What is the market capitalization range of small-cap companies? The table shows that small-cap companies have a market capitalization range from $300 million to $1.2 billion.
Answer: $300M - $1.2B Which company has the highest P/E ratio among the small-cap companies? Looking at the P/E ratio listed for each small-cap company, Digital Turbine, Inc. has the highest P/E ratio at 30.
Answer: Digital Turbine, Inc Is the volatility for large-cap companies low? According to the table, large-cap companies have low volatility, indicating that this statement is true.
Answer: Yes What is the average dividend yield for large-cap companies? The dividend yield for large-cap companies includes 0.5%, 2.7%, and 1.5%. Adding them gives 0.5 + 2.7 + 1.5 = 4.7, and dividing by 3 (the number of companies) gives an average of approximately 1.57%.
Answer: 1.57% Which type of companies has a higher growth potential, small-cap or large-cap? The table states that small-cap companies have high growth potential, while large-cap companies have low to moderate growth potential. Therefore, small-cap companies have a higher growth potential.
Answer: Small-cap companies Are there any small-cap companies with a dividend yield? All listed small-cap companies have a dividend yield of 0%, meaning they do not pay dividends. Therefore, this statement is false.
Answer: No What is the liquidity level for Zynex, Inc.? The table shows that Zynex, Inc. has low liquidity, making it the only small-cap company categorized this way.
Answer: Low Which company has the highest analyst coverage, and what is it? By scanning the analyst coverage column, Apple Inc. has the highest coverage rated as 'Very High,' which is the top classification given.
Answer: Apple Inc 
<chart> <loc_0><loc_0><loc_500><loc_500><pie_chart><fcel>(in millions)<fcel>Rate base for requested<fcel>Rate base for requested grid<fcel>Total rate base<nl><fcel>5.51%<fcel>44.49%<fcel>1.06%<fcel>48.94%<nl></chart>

========

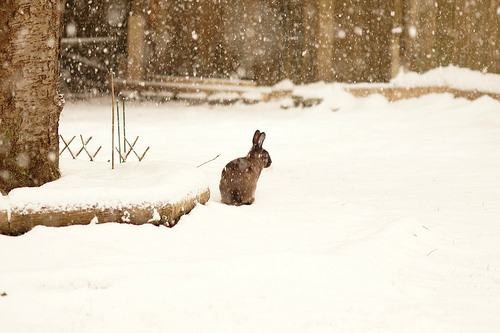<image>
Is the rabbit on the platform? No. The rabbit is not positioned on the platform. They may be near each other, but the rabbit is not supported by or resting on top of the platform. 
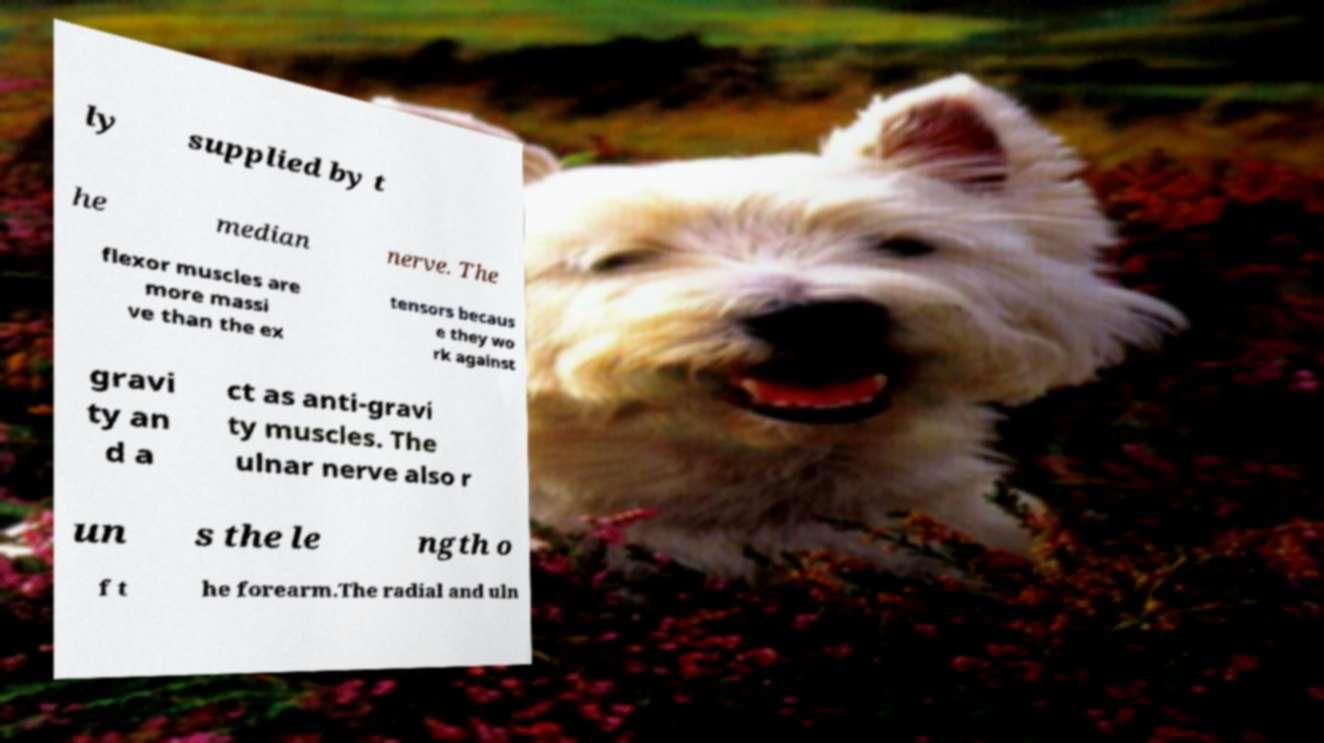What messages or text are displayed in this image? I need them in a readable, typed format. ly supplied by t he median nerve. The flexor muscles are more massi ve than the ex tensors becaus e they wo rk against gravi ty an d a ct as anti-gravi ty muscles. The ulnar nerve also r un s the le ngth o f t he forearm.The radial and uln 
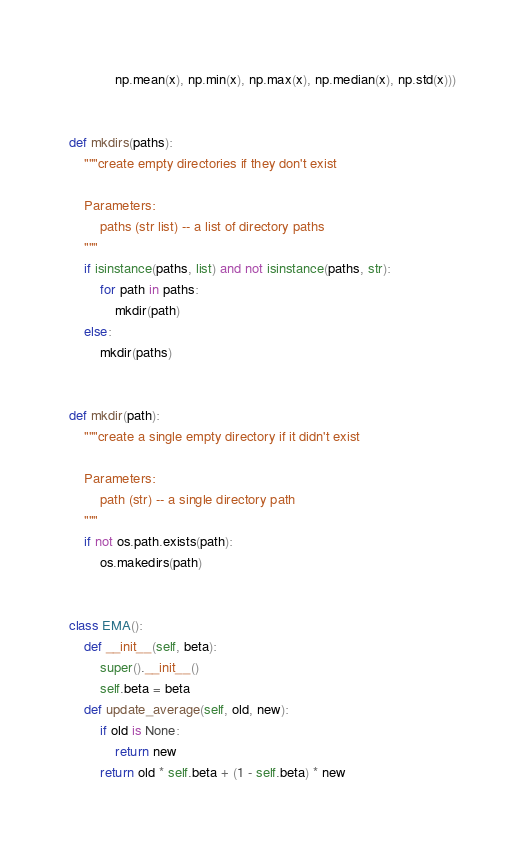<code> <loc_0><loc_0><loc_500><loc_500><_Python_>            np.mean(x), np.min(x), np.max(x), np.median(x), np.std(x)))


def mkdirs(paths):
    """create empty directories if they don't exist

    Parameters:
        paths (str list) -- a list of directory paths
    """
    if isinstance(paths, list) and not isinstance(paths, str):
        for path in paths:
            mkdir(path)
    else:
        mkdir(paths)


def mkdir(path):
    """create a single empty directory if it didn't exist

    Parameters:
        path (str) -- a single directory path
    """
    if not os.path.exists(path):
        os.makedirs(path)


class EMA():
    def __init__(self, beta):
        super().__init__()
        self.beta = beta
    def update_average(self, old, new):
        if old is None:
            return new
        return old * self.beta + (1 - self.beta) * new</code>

========

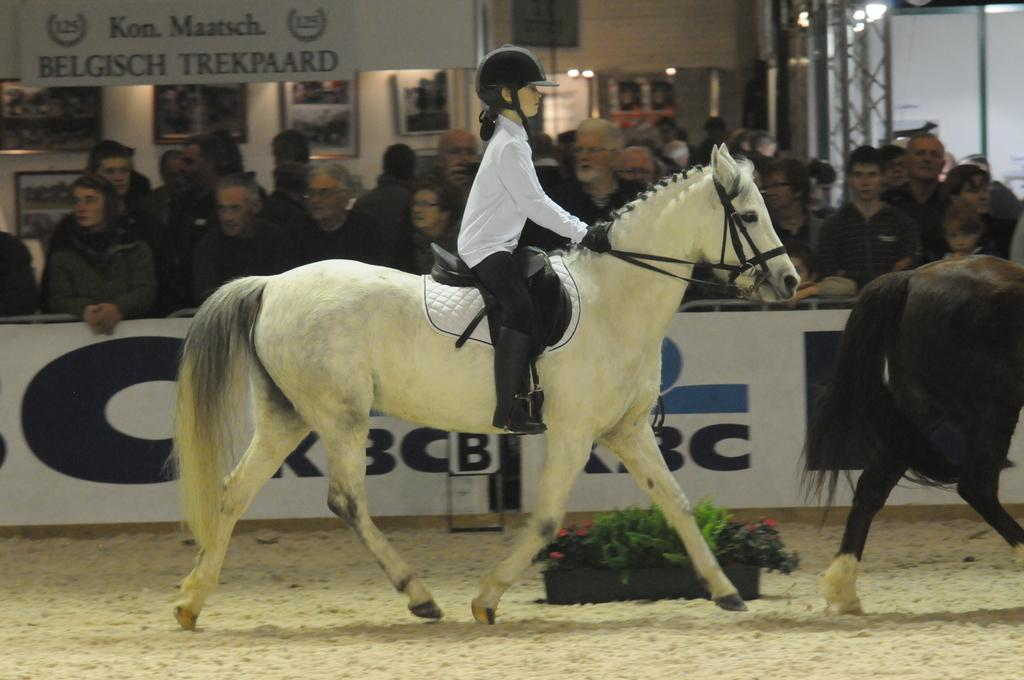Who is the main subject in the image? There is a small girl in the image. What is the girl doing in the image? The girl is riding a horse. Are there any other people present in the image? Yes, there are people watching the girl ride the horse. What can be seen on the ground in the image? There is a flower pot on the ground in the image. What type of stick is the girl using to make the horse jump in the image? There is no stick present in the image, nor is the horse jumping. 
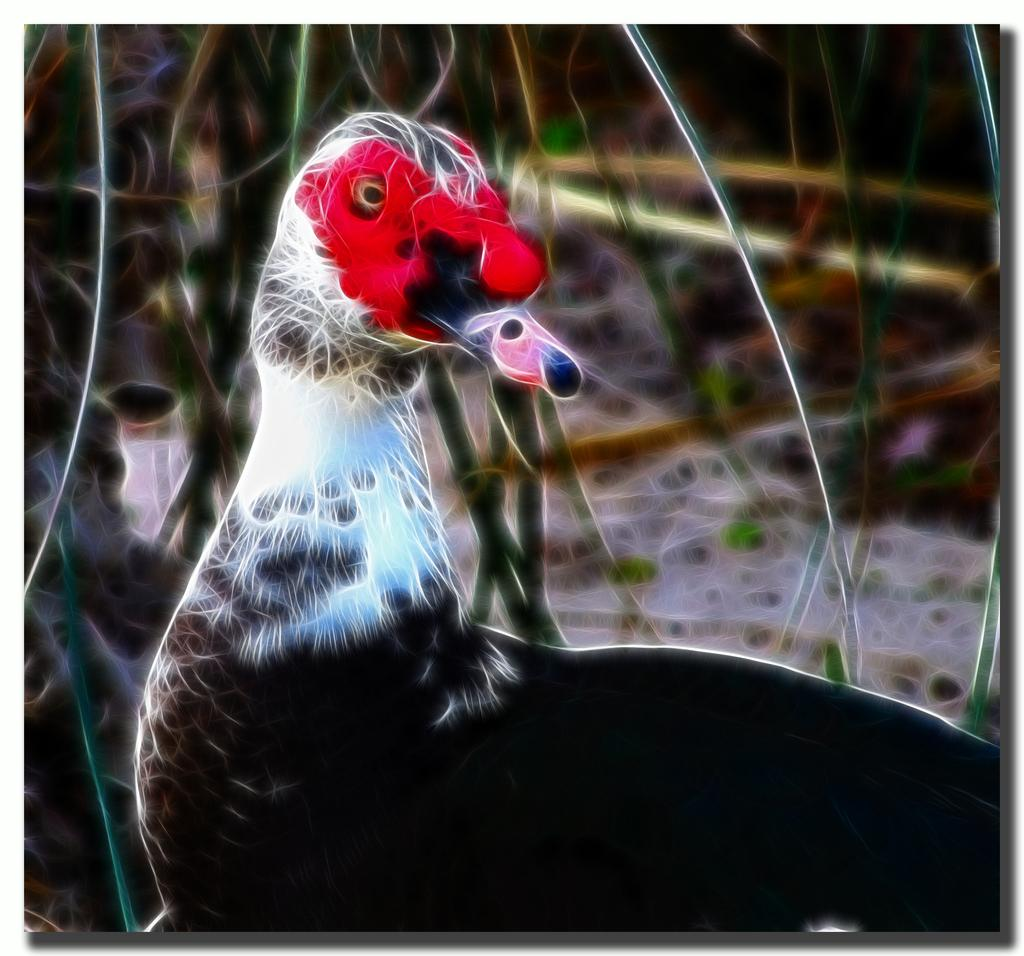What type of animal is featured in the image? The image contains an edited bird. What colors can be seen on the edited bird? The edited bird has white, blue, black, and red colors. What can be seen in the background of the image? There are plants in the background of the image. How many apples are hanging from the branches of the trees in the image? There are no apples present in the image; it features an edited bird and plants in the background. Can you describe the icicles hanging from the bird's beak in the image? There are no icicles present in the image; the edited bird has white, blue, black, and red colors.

========

AIM OF THE TASK
Among the entries, find every line holding "shows" and return it.

EXERCISE OUTPUT
What is the market capitalization range of small-cap companies? The table shows that small-cap companies have a market capitalization range from $300 million to $1.2 billion.
Answer: No What is the liquidity level for Zynex, Inc.? The table shows that Zynex, Inc. has low liquidity, making it the only small-cap company categorized this way.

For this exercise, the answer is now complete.